§ **About this exercise**
The records below are to be written out again, exactly as they appear.

==========

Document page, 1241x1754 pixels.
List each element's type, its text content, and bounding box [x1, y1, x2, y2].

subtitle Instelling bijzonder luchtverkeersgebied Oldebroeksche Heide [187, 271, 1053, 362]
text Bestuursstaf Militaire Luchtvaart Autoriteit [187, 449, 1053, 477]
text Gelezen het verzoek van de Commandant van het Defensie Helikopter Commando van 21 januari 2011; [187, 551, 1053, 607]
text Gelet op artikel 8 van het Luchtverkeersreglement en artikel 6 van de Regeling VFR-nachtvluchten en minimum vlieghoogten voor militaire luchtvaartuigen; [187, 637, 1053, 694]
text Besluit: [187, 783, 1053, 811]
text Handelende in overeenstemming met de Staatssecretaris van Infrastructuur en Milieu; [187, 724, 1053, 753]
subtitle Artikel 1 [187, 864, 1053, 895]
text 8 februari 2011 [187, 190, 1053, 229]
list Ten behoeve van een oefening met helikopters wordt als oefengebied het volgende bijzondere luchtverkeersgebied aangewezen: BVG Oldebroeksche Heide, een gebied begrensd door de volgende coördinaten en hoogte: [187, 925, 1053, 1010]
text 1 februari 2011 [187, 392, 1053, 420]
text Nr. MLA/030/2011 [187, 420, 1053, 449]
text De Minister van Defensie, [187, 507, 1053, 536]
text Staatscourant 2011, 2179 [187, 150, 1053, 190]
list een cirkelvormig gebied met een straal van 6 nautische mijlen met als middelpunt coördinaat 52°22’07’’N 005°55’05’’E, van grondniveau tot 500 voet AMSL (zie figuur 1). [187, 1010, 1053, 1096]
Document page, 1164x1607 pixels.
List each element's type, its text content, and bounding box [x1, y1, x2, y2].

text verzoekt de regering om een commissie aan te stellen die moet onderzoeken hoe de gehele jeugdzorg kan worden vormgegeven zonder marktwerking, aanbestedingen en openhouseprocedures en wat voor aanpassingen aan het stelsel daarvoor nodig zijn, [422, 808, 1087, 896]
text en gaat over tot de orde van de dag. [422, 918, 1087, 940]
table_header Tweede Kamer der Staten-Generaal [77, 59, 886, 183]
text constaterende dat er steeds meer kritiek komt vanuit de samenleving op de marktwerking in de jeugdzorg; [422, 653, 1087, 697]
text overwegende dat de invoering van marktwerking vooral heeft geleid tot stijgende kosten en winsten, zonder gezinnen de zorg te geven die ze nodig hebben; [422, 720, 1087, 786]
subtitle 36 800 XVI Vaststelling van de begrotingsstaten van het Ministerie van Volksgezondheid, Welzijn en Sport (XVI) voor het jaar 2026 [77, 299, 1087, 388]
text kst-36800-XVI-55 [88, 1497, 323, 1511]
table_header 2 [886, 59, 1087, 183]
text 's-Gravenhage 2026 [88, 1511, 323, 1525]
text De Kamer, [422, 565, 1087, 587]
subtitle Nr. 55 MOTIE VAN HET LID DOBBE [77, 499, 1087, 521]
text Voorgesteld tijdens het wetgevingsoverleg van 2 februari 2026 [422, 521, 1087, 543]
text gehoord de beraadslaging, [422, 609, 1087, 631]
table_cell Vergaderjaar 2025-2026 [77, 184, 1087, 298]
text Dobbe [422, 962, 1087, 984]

==========

§ **Result**
Document page, 1241x1754 pixels.
List each element's type, its text content, and bounding box [x1, y1, x2, y2].

subtitle Instelling bijzonder luchtverkeersgebied Oldebroeksche Heide [187, 271, 1053, 362]
text Bestuursstaf Militaire Luchtvaart Autoriteit [187, 449, 1053, 477]
text Gelezen het verzoek van de Commandant van het Defensie Helikopter Commando van 21 januari 2011; [187, 551, 1053, 607]
text Gelet op artikel 8 van het Luchtverkeersreglement en artikel 6 van de Regeling VFR-nachtvluchten en minimum vlieghoogten voor militaire luchtvaartuigen; [187, 637, 1053, 694]
text Besluit: [187, 783, 1053, 811]
text Handelende in overeenstemming met de Staatssecretaris van Infrastructuur en Milieu; [187, 724, 1053, 753]
subtitle Artikel 1 [187, 864, 1053, 895]
text 8 februari 2011 [187, 190, 1053, 229]
list Ten behoeve van een oefening met helikopters wordt als oefengebied het volgende bijzondere luchtverkeersgebied aangewezen: BVG Oldebroeksche Heide, een gebied begrensd door de volgende coördinaten en hoogte: [187, 925, 1053, 1010]
text 1 februari 2011 [187, 392, 1053, 420]
text Nr. MLA/030/2011 [187, 420, 1053, 449]
text De Minister van Defensie, [187, 507, 1053, 536]
text Staatscourant 2011, 2179 [187, 150, 1053, 190]
list een cirkelvormig gebied met een straal van 6 nautische mijlen met als middelpunt coördinaat 52°22’07’’N 005°55’05’’E, van grondniveau tot 500 voet AMSL (zie figuur 1). [187, 1010, 1053, 1096]
Document page, 1164x1607 pixels.
List each element's type, its text content, and bounding box [x1, y1, x2, y2].

text verzoekt de regering om een commissie aan te stellen die moet onderzoeken hoe de gehele jeugdzorg kan worden vormgegeven zonder marktwerking, aanbestedingen en openhouseprocedures en wat voor aanpassingen aan het stelsel daarvoor nodig zijn, [422, 808, 1087, 896]
text en gaat over tot de orde van de dag. [422, 918, 1087, 940]
table_header Tweede Kamer der Staten-Generaal [77, 59, 886, 183]
text constaterende dat er steeds meer kritiek komt vanuit de samenleving op de marktwerking in de jeugdzorg; [422, 653, 1087, 697]
text overwegende dat de invoering van marktwerking vooral heeft geleid tot stijgende kosten en winsten, zonder gezinnen de zorg te geven die ze nodig hebben; [422, 720, 1087, 786]
subtitle 36 800 XVI Vaststelling van de begrotingsstaten van het Ministerie van Volksgezondheid, Welzijn en Sport (XVI) voor het jaar 2026 [77, 299, 1087, 388]
text kst-36800-XVI-55 [88, 1497, 323, 1511]
table_header 2 [886, 59, 1087, 183]
text 's-Gravenhage 2026 [88, 1511, 323, 1525]
text De Kamer, [422, 565, 1087, 587]
subtitle Nr. 55 MOTIE VAN HET LID DOBBE [77, 499, 1087, 521]
text Voorgesteld tijdens het wetgevingsoverleg van 2 februari 2026 [422, 521, 1087, 543]
text gehoord de beraadslaging, [422, 609, 1087, 631]
table_cell Vergaderjaar 2025-2026 [77, 184, 1087, 298]
text Dobbe [422, 962, 1087, 984]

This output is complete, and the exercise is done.